Records provided »
◆ ◆ ◆ ◆ ◆
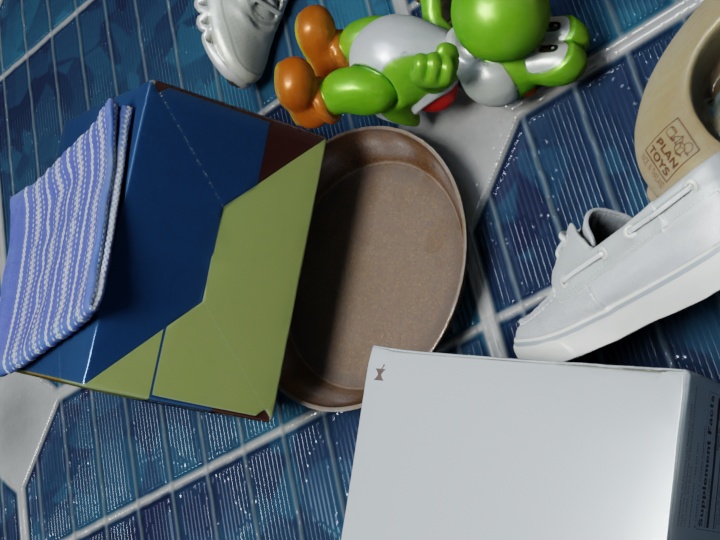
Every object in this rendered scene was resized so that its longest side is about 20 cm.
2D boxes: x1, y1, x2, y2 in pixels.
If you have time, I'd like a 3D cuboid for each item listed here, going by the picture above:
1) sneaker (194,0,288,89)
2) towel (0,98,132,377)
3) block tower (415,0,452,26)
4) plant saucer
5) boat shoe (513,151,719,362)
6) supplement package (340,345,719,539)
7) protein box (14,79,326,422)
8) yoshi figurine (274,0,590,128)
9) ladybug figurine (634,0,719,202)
[{"bbox_3d":[-0.079,-0.246,0.941,0.080,0.075,0.202,-1,77,31],"label":"sneaker"},{"bbox_3d":[-0.208,-0.016,0.792,0.199,0.024,0.146,-27,54,53],"label":"towel"},{"bbox_3d":[0.038,-0.268,0.856,0.058,0.054,0.201,-39,56,24],"label":"block tower"},{"bbox_3d":[0.000,0.000,0.821,0.199,0.034,0.203,-12,70,37],"label":"plant saucer"},{"bbox_3d":[0.141,-0.002,0.636,0.069,0.072,0.200,62,151,6],"label":"boat shoe"},{"bbox_3d":[0.101,0.132,0.644,0.199,0.110,0.158,1,78,41],"label":"supplement package"},{"bbox_3d":[-0.144,-0.008,0.839,0.199,0.134,0.201,-3,74,60],"label":"protein box"},{"bbox_3d":[0.043,-0.151,0.748,0.198,0.112,0.114,-2,96,22],"label":"yoshi figurine"},{"bbox_3d":[0.236,-0.100,0.626,0.200,0.072,0.137,-40,56,24],"label":"ladybug figurine"}]
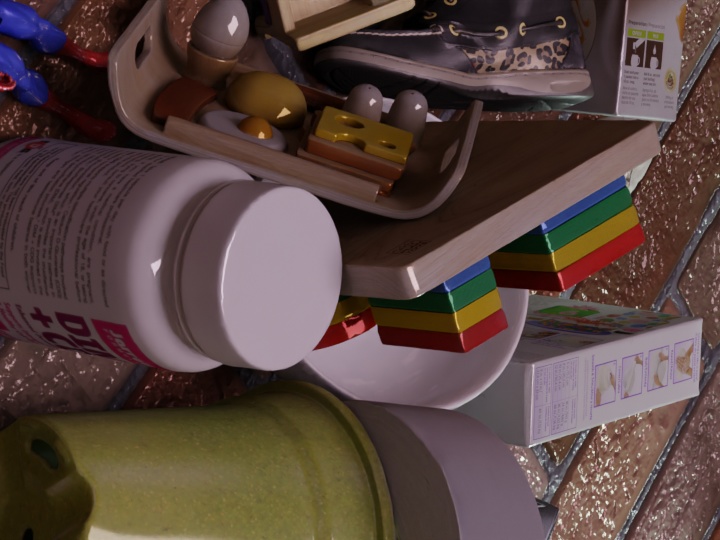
◆ ◆ ◆ ◆ ◆
Your goal » Omitting all pictures, restate exactly the lines of the material from its start through the line that contains "8) yoshi figurine (274,0,590,128)".

Answer »
Every object in this rendered scene was resized so that its longest side is about 20 cm.
2D boxes: x1, y1, x2, y2 in pixels.
If you have time, I'd like a 3D cuboid for each item listed here, going by the picture above:
1) sneaker (194,0,288,89)
2) towel (0,98,132,377)
3) block tower (415,0,452,26)
4) plant saucer
5) boat shoe (513,151,719,362)
6) supplement package (340,345,719,539)
7) protein box (14,79,326,422)
8) yoshi figurine (274,0,590,128)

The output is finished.